Fue la combinación de estos dos factores (falta de instrumentos de ahorro y percepción de un default implícito y permanente a los ahorristas en pesos, ambos fruto de la intervención del INDEC) lo que originó la salida de capitales y la falta de financiamiento externo que puso en marcha el proceso (escasez de dólares, caída de reservas, expectativas de devaluación, más salida de capitales) que gatilló el cepo cambiario a fines del 2011.
La inflación crónica jugó un rol accesorio en esta historia: a fines de los 80 y principios de los 90 Colombia vivió con inflación entre 20% y 30%, pero con tasas de interés reales positivas evitó la dolarización y la fuga de ahorros. La apreciación del peso también tuvo un papel secundario. Basta mirar cómo países como Brasil o Colombia, aún con apreciaciones y déficits de cuenta corriente mayores a los nuestros, enfrentan hoy el problema opuesto: un exceso de oferta de dólares que los obliga a acumular reservas. La diferencia entre ellos y nosotros no está en la competitividad de nuestras exportaciones sino en la competitividad de nuestra moneda como reserva de valor: hoy el peso es sinónimo de desahorro.

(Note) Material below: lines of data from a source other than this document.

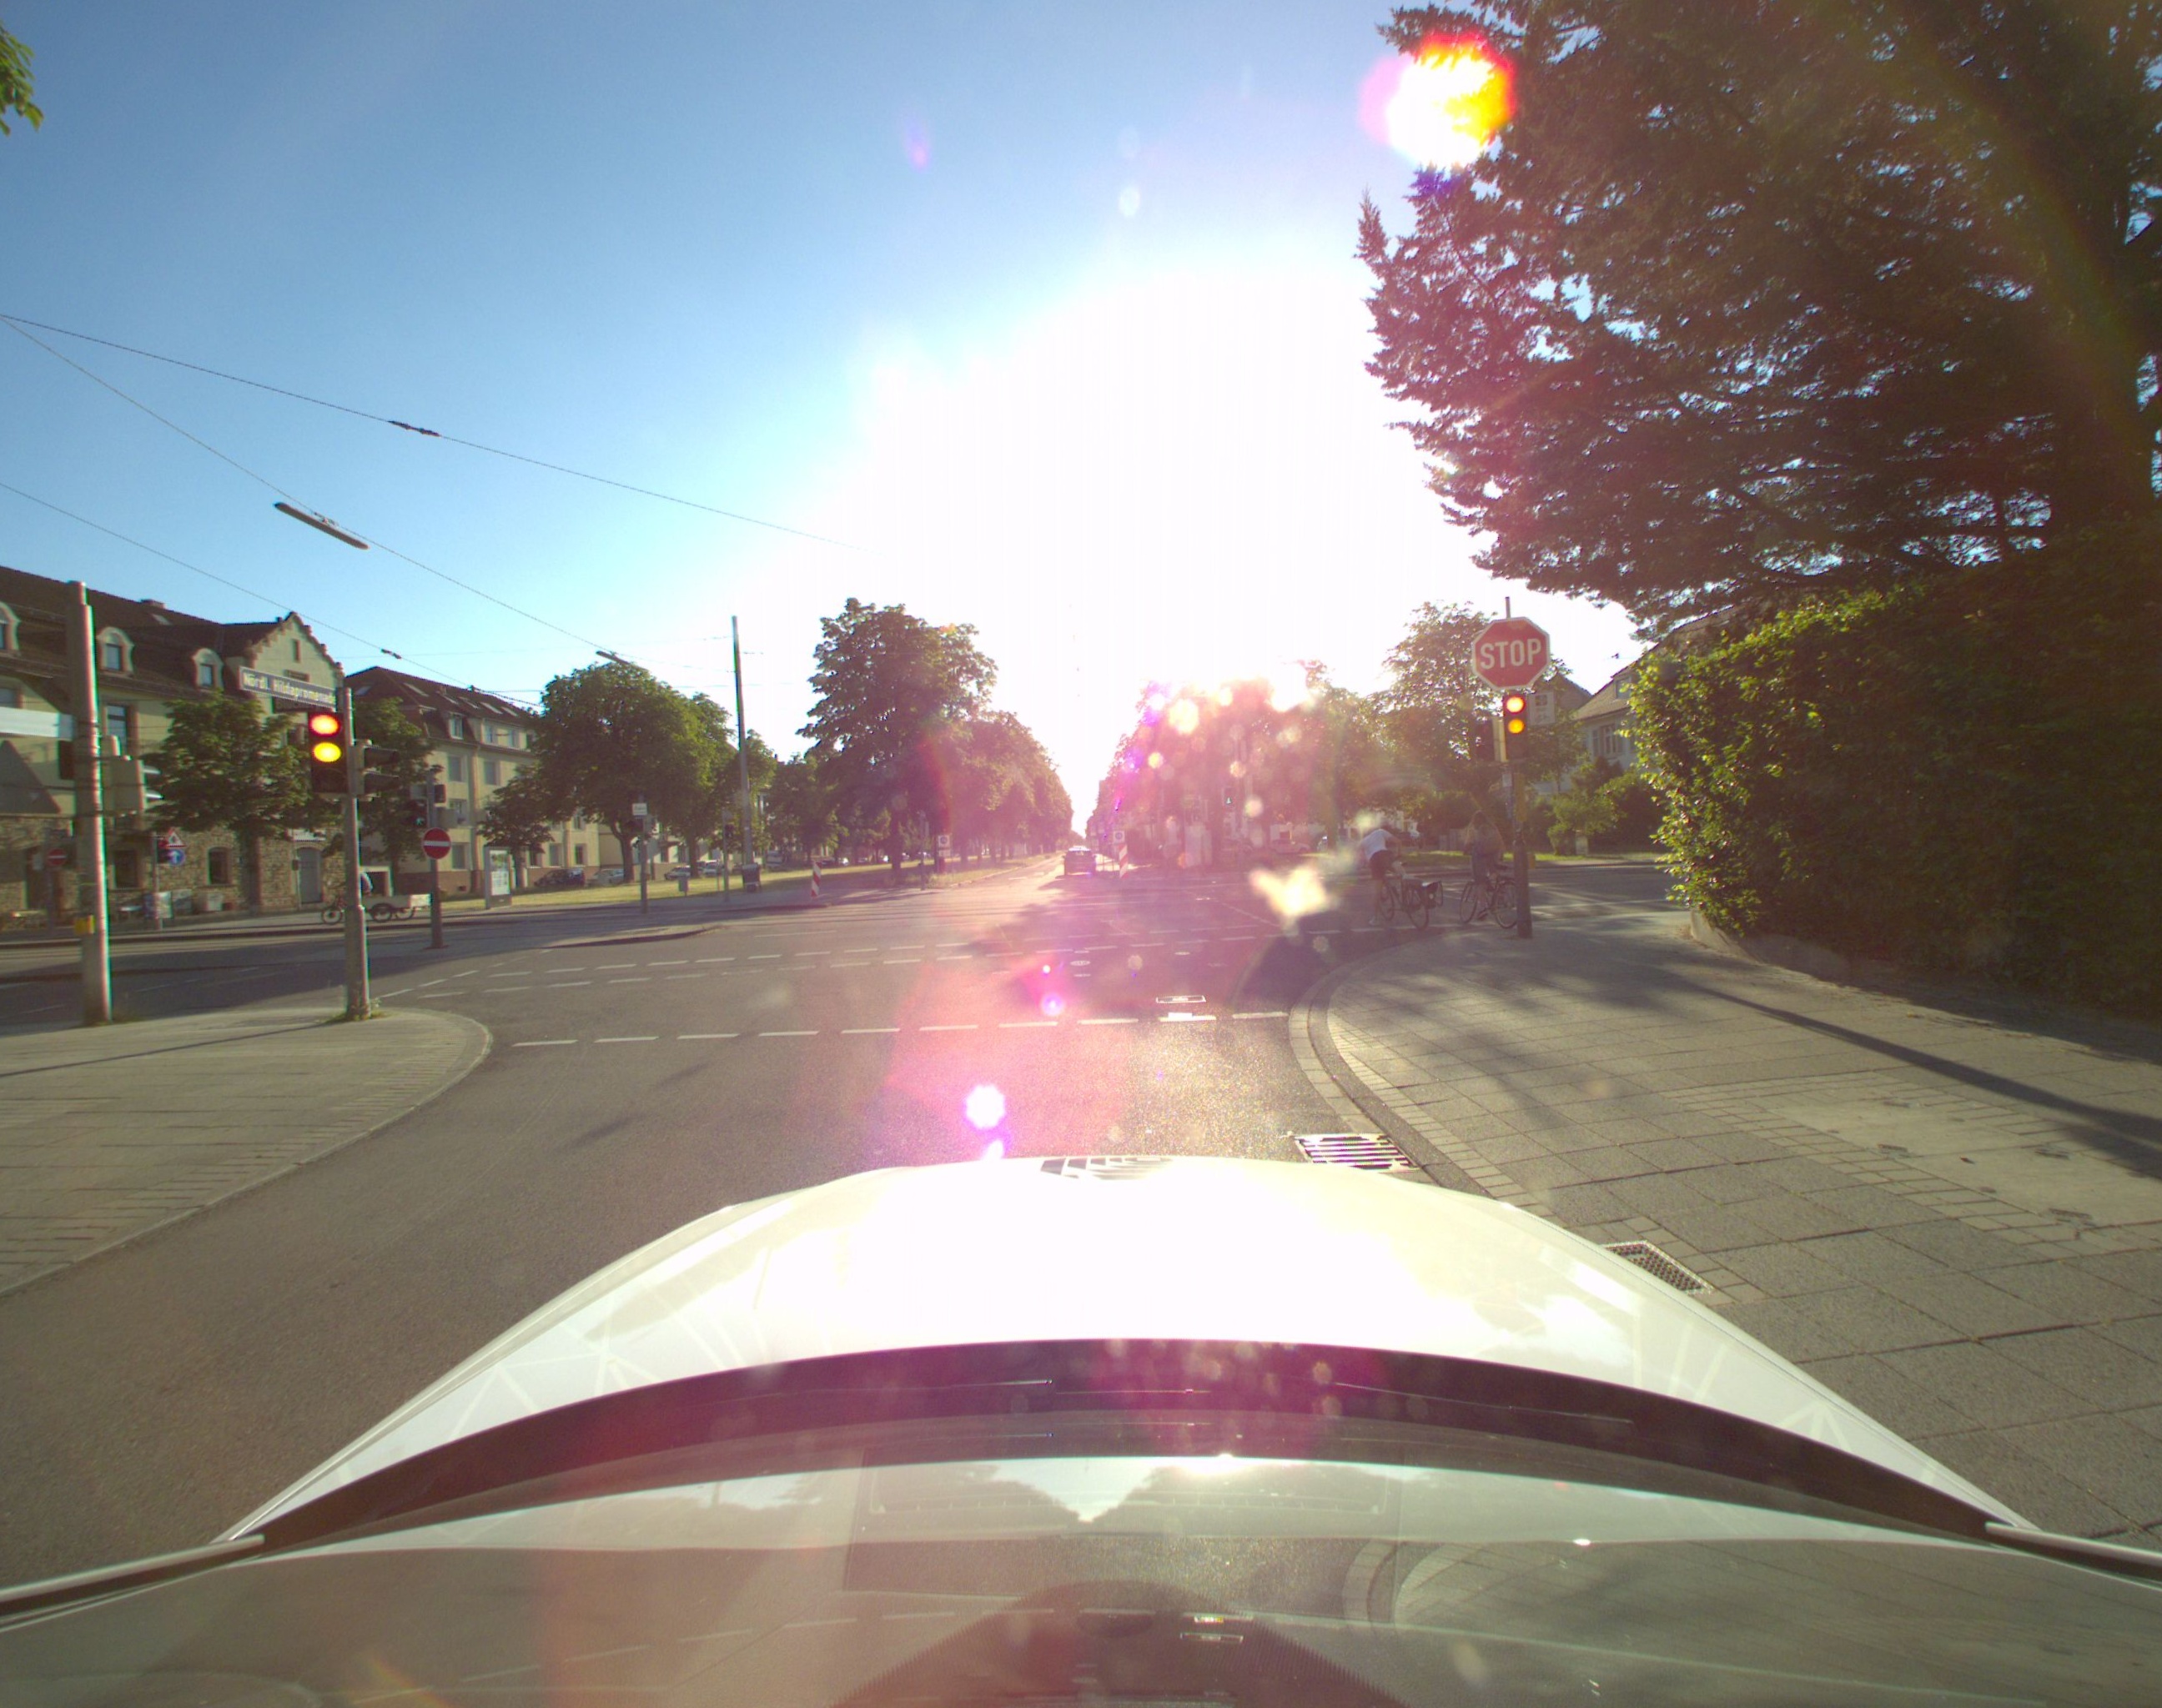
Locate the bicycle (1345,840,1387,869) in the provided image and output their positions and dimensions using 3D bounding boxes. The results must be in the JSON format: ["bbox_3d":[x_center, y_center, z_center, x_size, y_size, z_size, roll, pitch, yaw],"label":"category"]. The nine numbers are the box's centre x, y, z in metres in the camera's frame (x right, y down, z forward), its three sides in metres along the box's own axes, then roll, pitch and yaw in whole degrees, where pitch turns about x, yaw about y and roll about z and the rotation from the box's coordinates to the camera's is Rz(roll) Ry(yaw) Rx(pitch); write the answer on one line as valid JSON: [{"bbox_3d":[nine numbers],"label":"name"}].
[{"bbox_3d":[11.457,0.015,32.728,1.513,1.089,0.468,-2,0,9],"label":"bicycle"}]

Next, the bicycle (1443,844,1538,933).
[{"bbox_3d":[6.289,0.485,12.621,0.489,1.183,1.965,0,3,1],"label":"bicycle"}]

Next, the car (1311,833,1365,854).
[{"bbox_3d":[20.706,-0.846,65.668,3.915,1.524,1.521,-1,-1,-5],"label":"car"}]

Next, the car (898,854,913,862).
[{"bbox_3d":[-36.325,0.908,168.668,2.016,1.659,3.984,0,-1,1],"label":"car"}]

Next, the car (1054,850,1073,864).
[{"bbox_3d":[-1.681,0.306,78.572,1.704,1.359,4.202,0,0,0],"label":"car"}]

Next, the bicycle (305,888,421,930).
[{"bbox_3d":[-23.240,1.776,26.390,3.059,1.161,0.876,-3,-1,4],"label":"bicycle"}]

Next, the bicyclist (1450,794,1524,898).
[{"bbox_3d":[6.304,-0.121,12.674,0.709,1.562,0.894,0,-1,2],"label":"bicyclist"}]

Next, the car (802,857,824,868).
[{"bbox_3d":[-42.068,1.316,127.915,1.986,1.659,4.376,0,-1,2],"label":"car"}]

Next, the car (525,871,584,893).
[{"bbox_3d":[-43.357,2.294,67.214,1.986,1.736,4.313,0,-1,2],"label":"car"}]

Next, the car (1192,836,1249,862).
[{"bbox_3d":[11.188,-0.383,65.452,4.228,1.875,2.030,-2,-1,-1],"label":"car"}]

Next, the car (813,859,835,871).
[{"bbox_3d":[-37.114,1.525,117.726,1.873,1.674,4.315,0,0,1],"label":"car"}]

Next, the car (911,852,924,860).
[{"bbox_3d":[-37.752,0.403,188.212,1.987,1.658,4.570,-2,0,0],"label":"car"}]

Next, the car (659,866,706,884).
[{"bbox_3d":[-37.470,1.942,76.711,1.986,1.659,4.572,0,0,2],"label":"car"}]

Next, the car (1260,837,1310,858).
[{"bbox_3d":[16.293,-0.548,65.078,3.548,1.516,1.602,-2,0,-6],"label":"car"}]

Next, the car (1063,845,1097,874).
[{"bbox_3d":[0.007,0.318,44.733,1.719,1.511,4.542,0,0,2],"label":"car"}]

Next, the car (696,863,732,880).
[{"bbox_3d":[-37.231,1.787,82.707,1.791,1.554,4.417,0,1,-2],"label":"car"}]

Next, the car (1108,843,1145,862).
[{"bbox_3d":[5.247,-0.186,93.533,3.980,1.822,1.757,-3,-5,-5],"label":"car"}]

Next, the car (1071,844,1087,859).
[{"bbox_3d":[-0.295,-0.336,103.941,1.987,1.781,3.999,0,1,-1],"label":"car"}]

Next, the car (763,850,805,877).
[{"bbox_3d":[-37.171,1.121,102.221,2.384,3.131,7.853,0,0,0],"label":"car"}]

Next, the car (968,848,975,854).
[{"bbox_3d":[-34.214,-0.990,255.022,1.649,1.938,3.566,0,-2,-1],"label":"car"}]

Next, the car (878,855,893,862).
[{"bbox_3d":[-41.786,0.973,174.047,1.986,1.659,4.357,0,-1,2],"label":"car"}]

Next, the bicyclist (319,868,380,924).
[{"bbox_3d":[-23.731,1.337,26.445,1.139,1.723,0.876,-3,-1,4],"label":"bicyclist"}]

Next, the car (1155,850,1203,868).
[{"bbox_3d":[8.661,0.456,72.130,3.975,1.447,1.715,-2,-1,-1],"label":"car"}]

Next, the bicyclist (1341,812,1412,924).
[{"bbox_3d":[4.740,0.224,13.134,0.812,1.732,0.894,0,-1,0],"label":"bicyclist"}]

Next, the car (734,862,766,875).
[{"bbox_3d":[-42.185,1.814,103.879,1.986,1.659,4.572,0,0,2],"label":"car"}]

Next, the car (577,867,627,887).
[{"bbox_3d":[-43.151,2.054,73.448,1.986,1.659,4.001,0,-1,2],"label":"car"}]

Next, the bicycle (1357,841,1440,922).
[{"bbox_3d":[4.987,0.404,12.921,0.570,1.184,1.905,0,0,0],"label":"bicycle"}]

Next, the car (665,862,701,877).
[{"bbox_3d":[-42.730,1.643,87.487,1.709,1.633,4.192,0,-1,2],"label":"car"}]
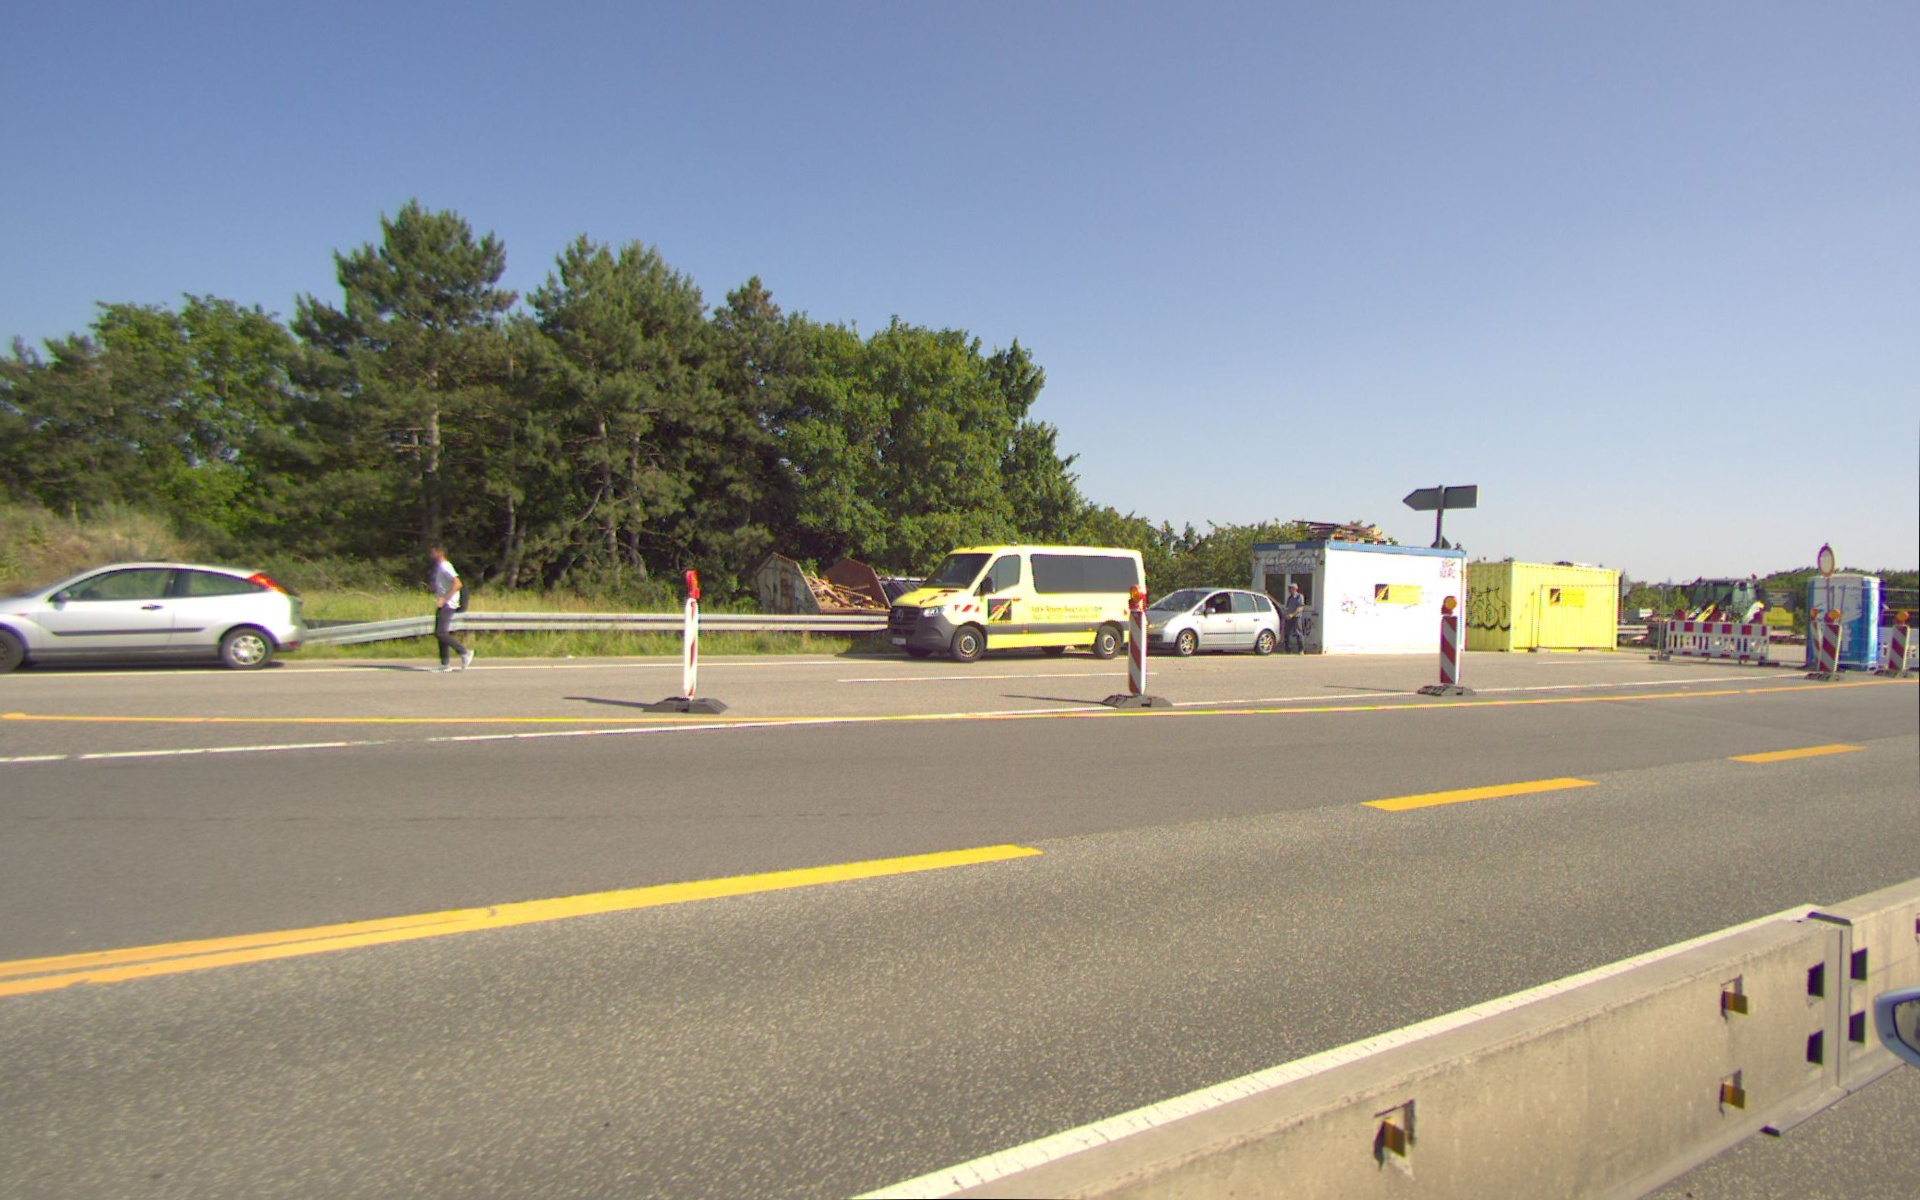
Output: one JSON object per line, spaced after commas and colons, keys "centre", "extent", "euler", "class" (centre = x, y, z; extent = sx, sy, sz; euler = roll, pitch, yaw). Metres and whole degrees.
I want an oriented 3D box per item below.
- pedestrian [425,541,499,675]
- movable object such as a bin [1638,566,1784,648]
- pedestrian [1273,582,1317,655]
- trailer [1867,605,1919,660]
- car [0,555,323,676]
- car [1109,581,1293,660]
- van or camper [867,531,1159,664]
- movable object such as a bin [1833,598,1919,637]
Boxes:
{"centre": [-7.166, 0.111, 14.453], "extent": [0.791, 1.844, 0.734], "euler": [1, 1, -41], "class": "pedestrian"}
{"centre": [26.905, 0.263, 35.972], "extent": [5.039, 2.752, 2.025], "euler": [1, 1, -26], "class": "movable object such as a bin"}
{"centre": [8.336, 0.442, 24.980], "extent": [0.712, 1.785, 0.718], "euler": [1, 1, -31], "class": "pedestrian"}
{"centre": [31.371, 1.062, 32.963], "extent": [3.501, 1.671, 1.707], "euler": [1, 2, -37], "class": "trailer"}
{"centre": [-11.333, 0.188, 13.852], "extent": [4.251, 1.479, 1.851], "euler": [1, 1, -34], "class": "car"}
{"centre": [5.784, 0.476, 23.923], "extent": [4.411, 1.708, 1.677], "euler": [1, 1, -33], "class": "car"}
{"centre": [1.243, -0.008, 20.820], "extent": [6.141, 2.409, 1.980], "euler": [1, 0, -36], "class": "van or camper"}
{"centre": [53.814, 0.964, 57.658], "extent": [2.198, 2.145, 5.399], "euler": [1, 0, -11], "class": "movable object such as a bin"}

De lo anterior surge –espero– que una devaluación, si bien descomprimiría transitoriamente la presión cambiaria, no solucionaría el problema de fondo. Imaginemos, hipotéticamente, una devaluación real convencional: un dólar recontraalto que se traslade sólo parcialmente a la inflación. Es decir, un tipo de cambio tan alto que a partir de allí, por un tiempo, el dólar sólo pueda mantenerse estable o incluso caer. En ese caso, una tasa de depósitos del 15% con una inflación del 25% nos daría un retorno negativo en pesos reales (perderíamos en un año el 10% del poder de compra de nuestros ahorros) pero positivo en dólares (ganaríamos el 15%). Una situación parecida a la de 2007, cuando ahorrar en pesos era apenas el mal menor. Pero, con el tiempo, la inflación volvería a apreciar al peso, el dólar ya no se vería tan estable y la redolarización retornaría con fuerza.
Imaginemos, en cambio, un depósito que pagara una tasa de interés igual a la inflación genuina, como era el caso a fines de 2006. Es cierto que el inversor más sofisticado o con espíritu especulador miraría la evolución del dólar para elegir la denominación de sus ahorros. Pero la mayoría de las familias suscribirían un instrumento que les permita acumular ahorros sin que se los coma la inflación. Tasas reales positivas (o, al menos, neutras) exigirían, claro, una menor emisión monetaria: después de todo, las tasas bajas no son más que la contracara del tsunami de pesos. El gobierno tendría que buscar formas alternativas de financiamiento, pero muchos de los pesos que hoy buscan dólares en las cuevas a cualquier precio irían al banco, quitándole combustible a la corrida y favoreciendo el crecimiento y los ingresos fiscales. El mismo efecto sobre la tasa real tendría, cabe aclarar, una deseable pero, en el corto plazo, improbable caída de la inflación.
Nos estamos hablando de una utopía, sino de lo que sucedía en Argentina hace apenas seis años, o de lo que sucede hoy en los países vecinos. La intervención del INDEC acabó con eso.